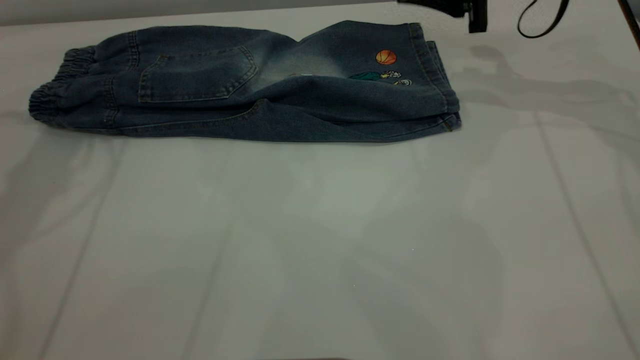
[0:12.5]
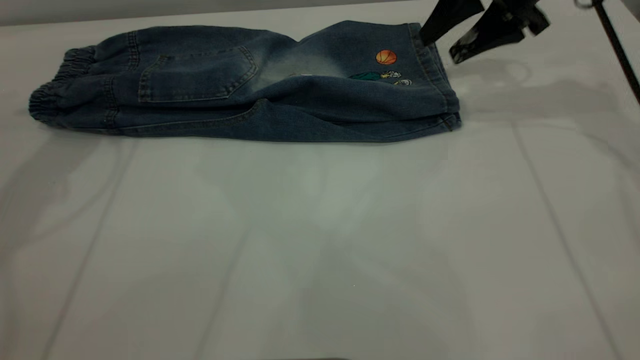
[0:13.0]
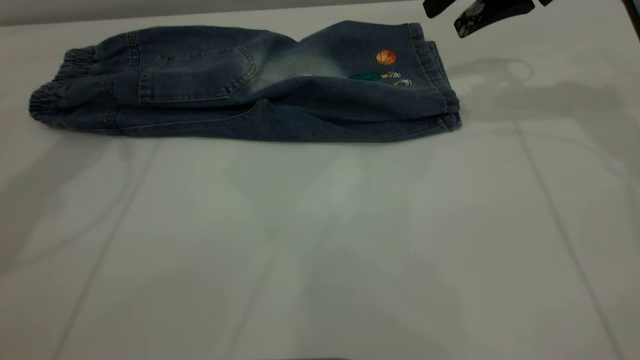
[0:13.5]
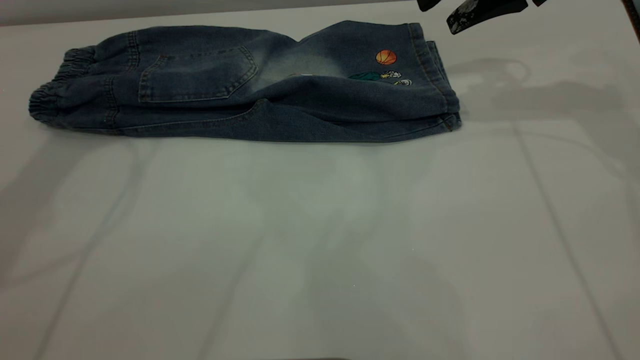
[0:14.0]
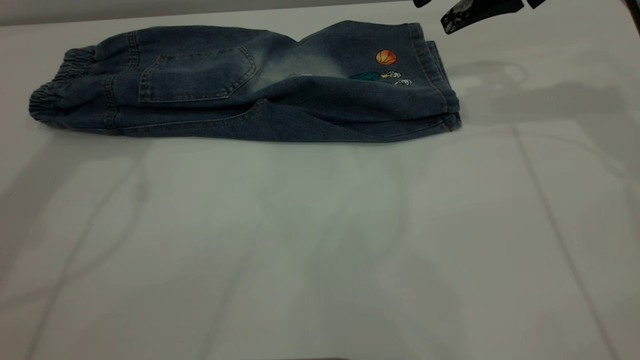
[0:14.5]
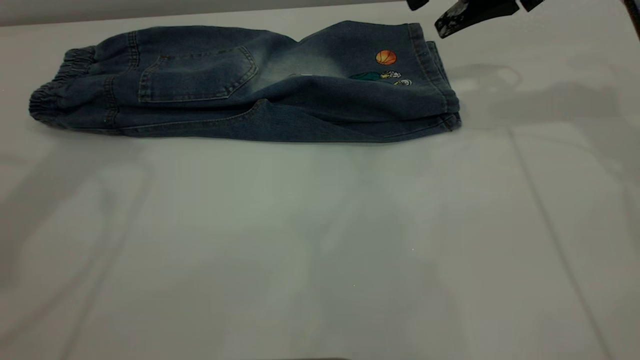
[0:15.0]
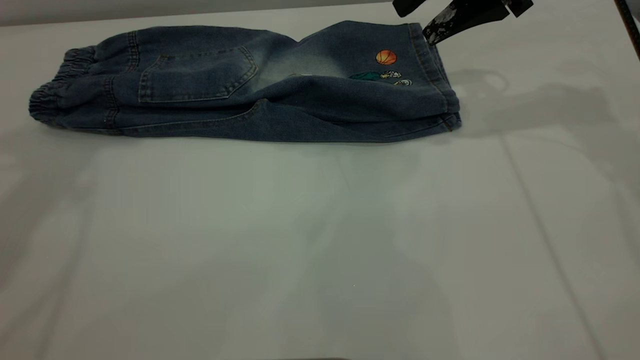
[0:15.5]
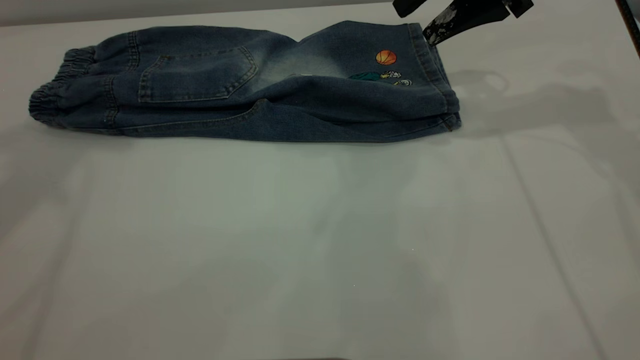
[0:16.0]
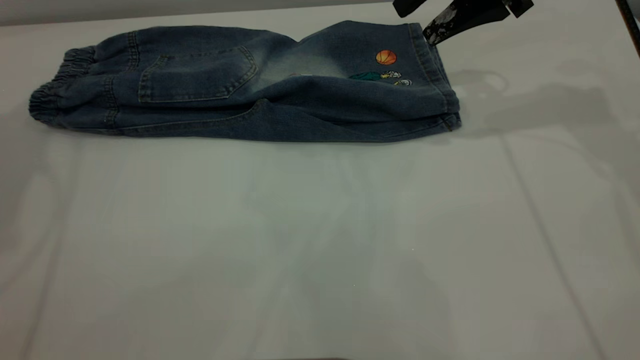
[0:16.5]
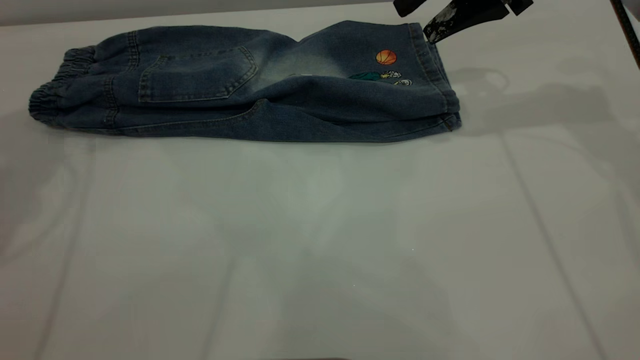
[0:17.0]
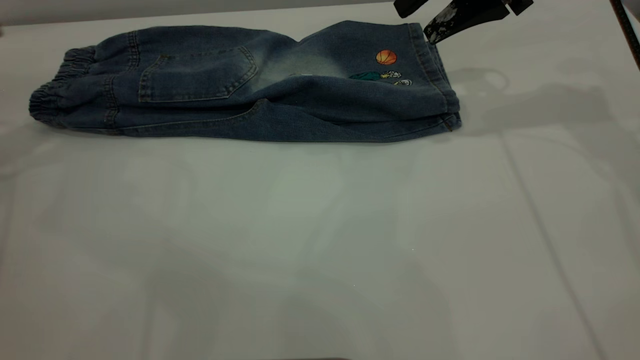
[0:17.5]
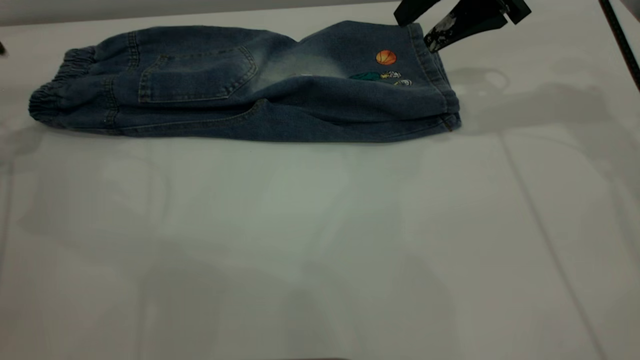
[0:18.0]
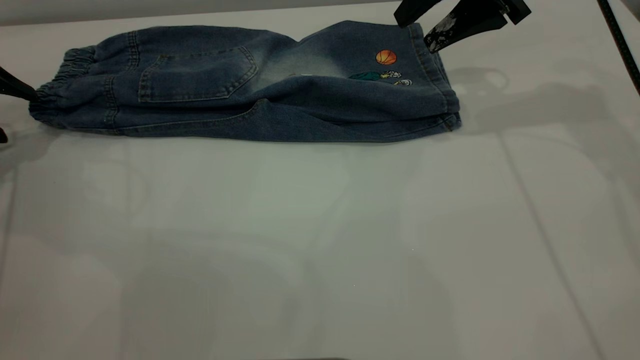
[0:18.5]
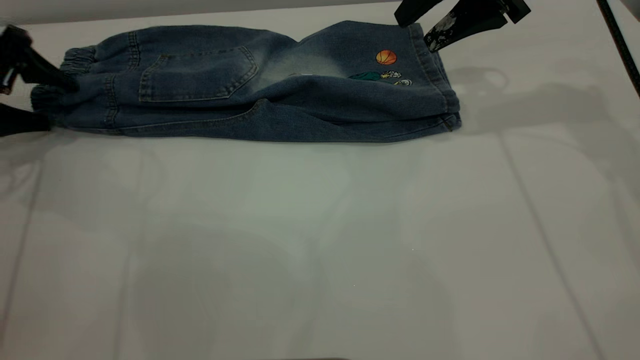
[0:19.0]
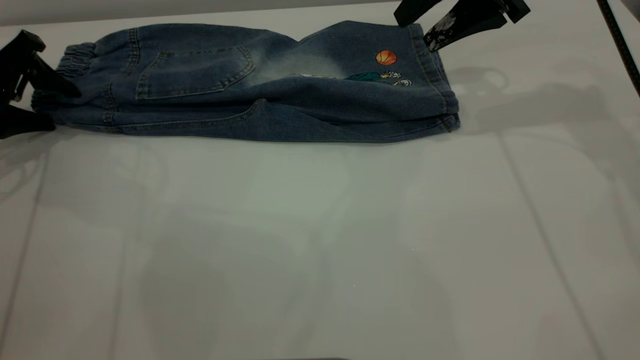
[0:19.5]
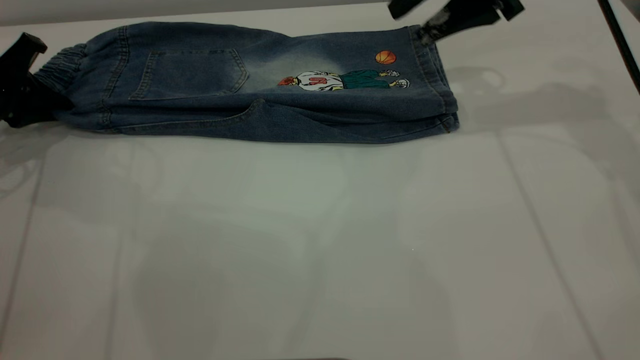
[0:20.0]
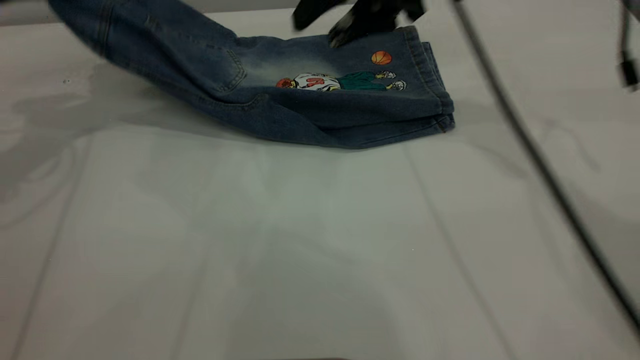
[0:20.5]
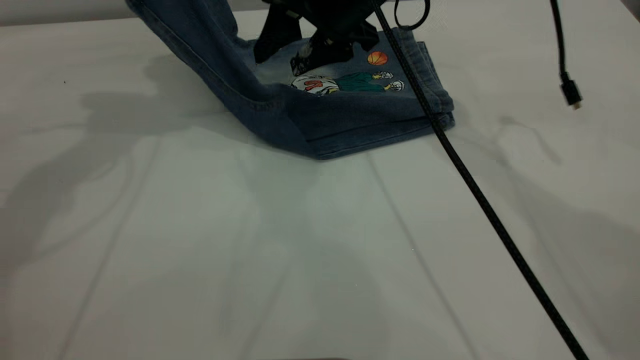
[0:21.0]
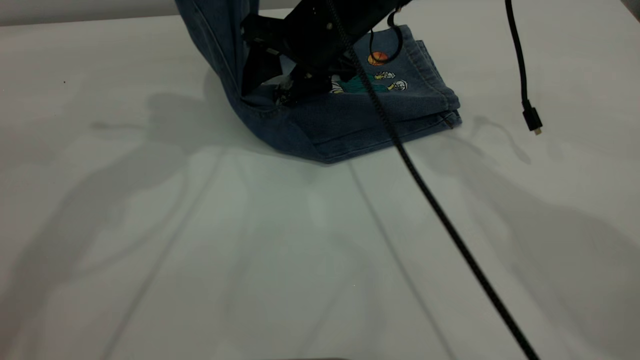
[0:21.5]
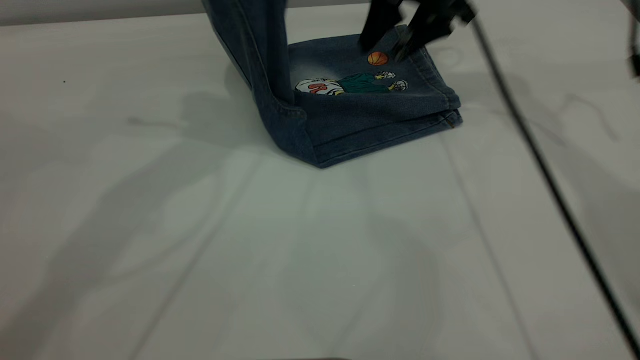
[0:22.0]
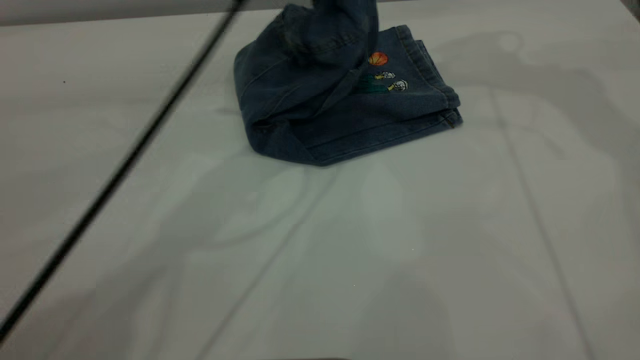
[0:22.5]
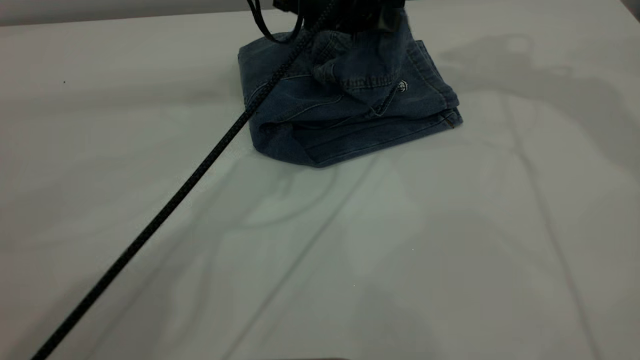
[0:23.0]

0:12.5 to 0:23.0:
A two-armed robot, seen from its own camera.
0:12.5 to 0:14.5: The right gripper goes some 5 cm upward.
0:16.5 to 0:19.0: The left gripper moves downward, about 25 cm, and opens up.
0:19.0 to 0:21.0: The left gripper is displaced upward and to the right by some 20 cm, and closes. Meanwhile the right gripper moves to the left, some 15 cm.
0:21.0 to 0:23.0: The left gripper is displaced to the right and downward by roughly 25 cm, and opens its fingers; the right gripper heads upward and to the right, covering some 25 cm.
::::
Retype the whole of the data verbatim. Skip every picture.

[0:12.5]
[0:13.0]
[0:13.5]
[0:14.0]
[0:14.5]
[0:15.0]
[0:15.5]
[0:16.0]
[0:16.5]
[0:17.0]
[0:17.5]
[0:18.0]
[0:18.5]
[0:19.0]
[0:19.5]
[0:20.0]
[0:20.5]
[0:21.0]
[0:21.5]
[0:22.0]
[0:22.5]
[0:23.0]

0:12.5 to 0:23.0:
A two-armed robot, seen from its own camera.
0:12.5 to 0:14.5: The right gripper goes some 5 cm upward.
0:16.5 to 0:19.0: The left gripper moves downward, about 25 cm, and opens up.
0:19.0 to 0:21.0: The left gripper is displaced upward and to the right by some 20 cm, and closes. Meanwhile the right gripper moves to the left, some 15 cm.
0:21.0 to 0:23.0: The left gripper is displaced to the right and downward by roughly 25 cm, and opens its fingers; the right gripper heads upward and to the right, covering some 25 cm.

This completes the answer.